Does the Local Church Still Matter?

By Dillon Burroughs

A growing number of Western Christians have dropped out of local church life, claiming their disdain for organized religion has caused them to love Jesus but also want to leave the church. In a day and age when believers can download the world's top sermons and songs at will, does the local church still matter?

The Bible is clear that identifying with other believers is important. First, Jesus taught that the Church, as an entire body of believers, is the bride of Christ. In Ephesians 5:22, the Church is called Christ's body. Verse 25 teaches that Jesus gave His life up for the Church. Why? "That He might sanctify her, having cleansed her by the washing of water with the word, so that He might present the church to Himself in splendor, without spot or wrinkle or any such thing, that she might be holy and without blemish" (v. 26). That's extremely important!

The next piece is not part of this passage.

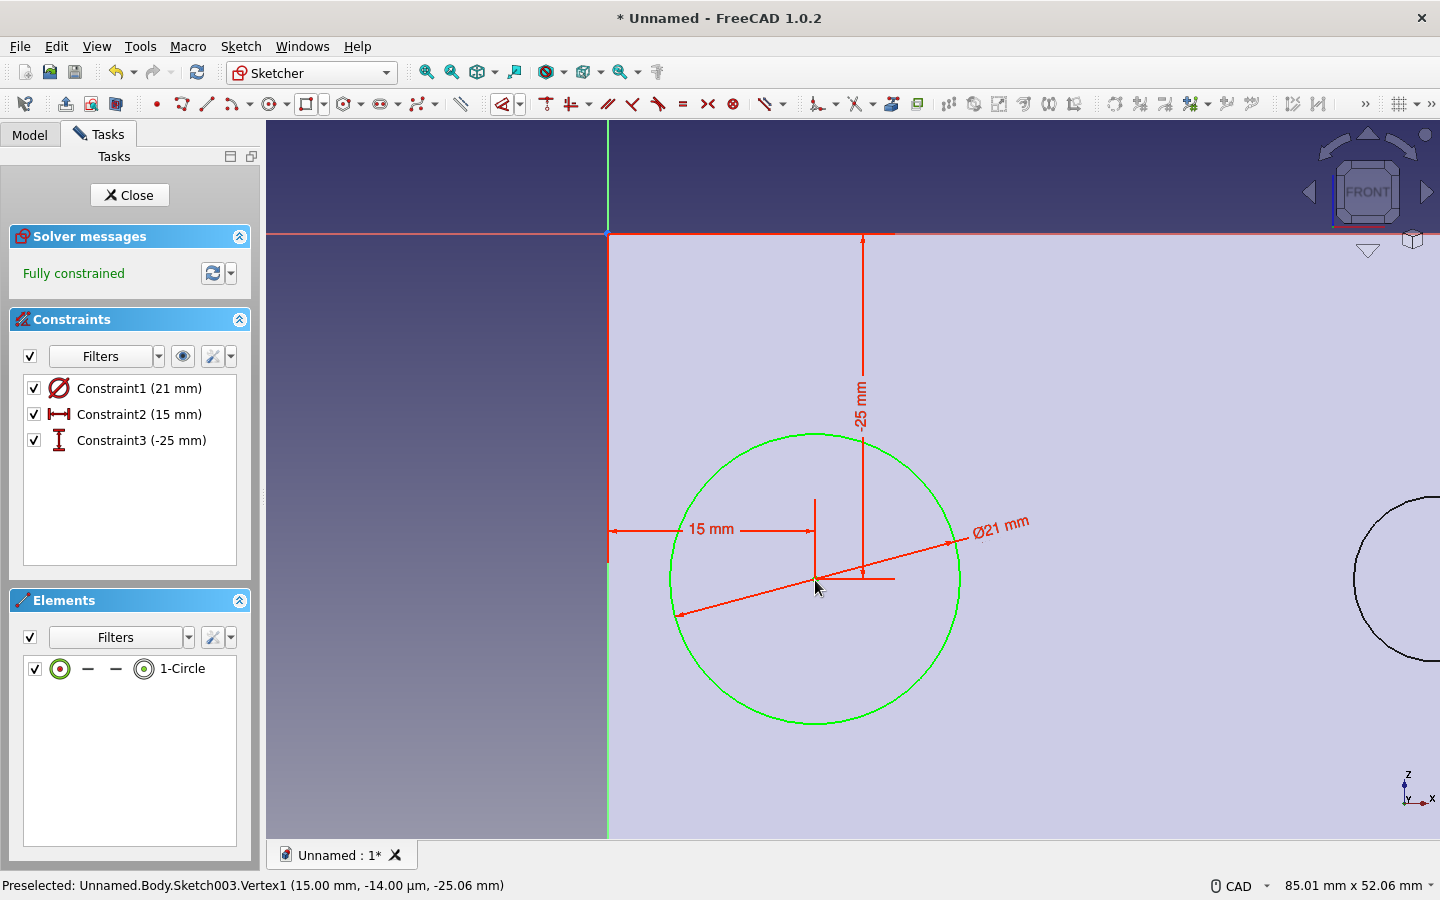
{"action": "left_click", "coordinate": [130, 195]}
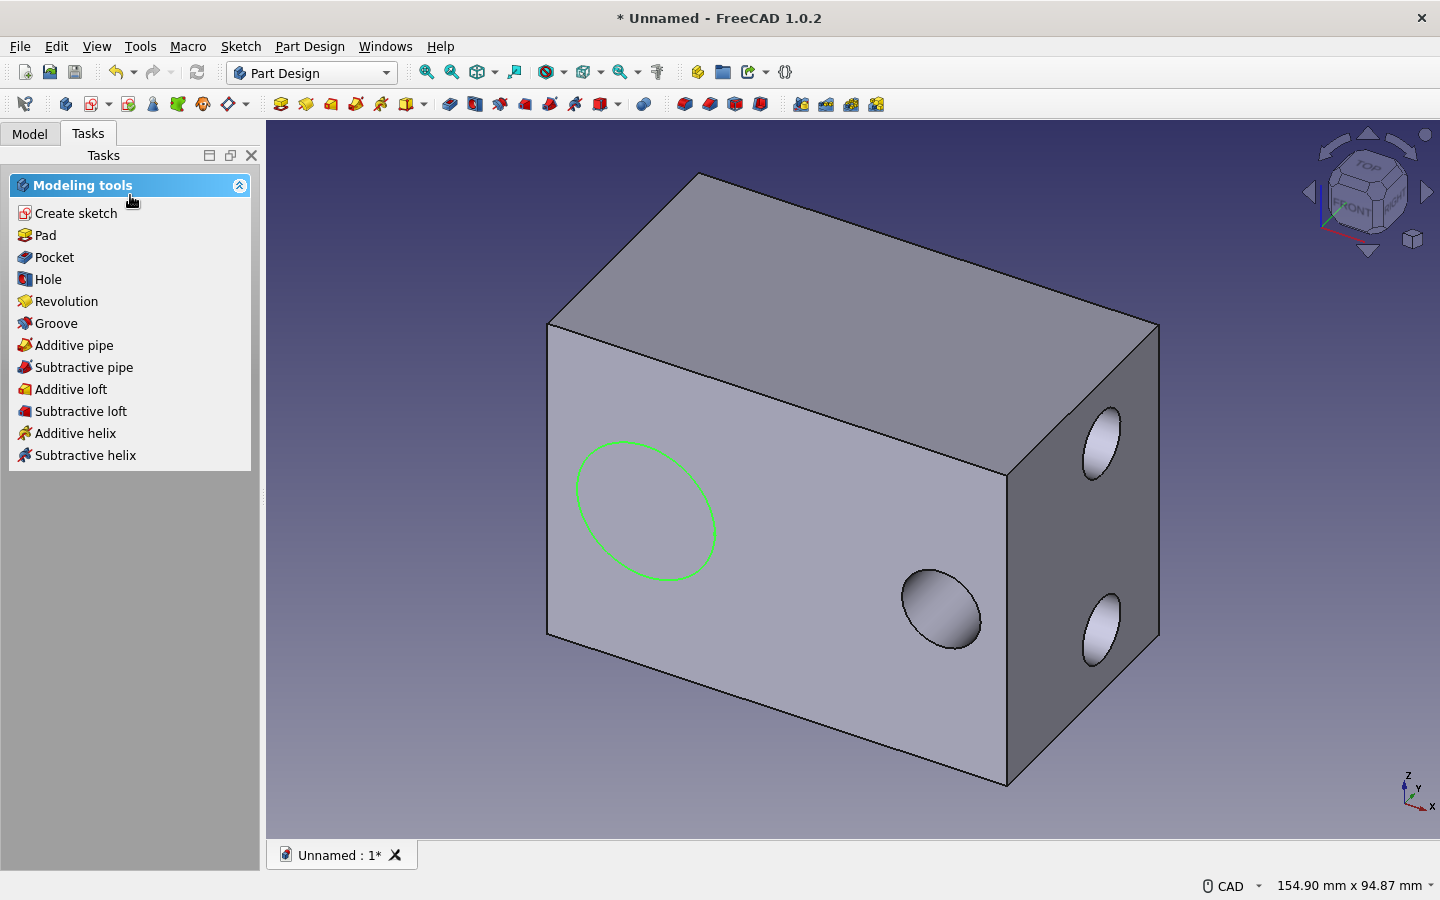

In addition to Christ's high view of the Church as a body of believers, we find that Scripture affirms the encouraging nature of a gathering of believers as a local church: "Let us consider how to stir up one another to love and good works, not neglecting to meet together, as is the habit of some, but encouraging one another, and all the more as you see the Day drawing near" (Hebrews 10:24-25). Though some in the first church were already neglecting gathering together, the Bible teaches that the church helps encourage believers, helping to promote love and good works. As the end of time nears, church involvement is to increase, not decrease.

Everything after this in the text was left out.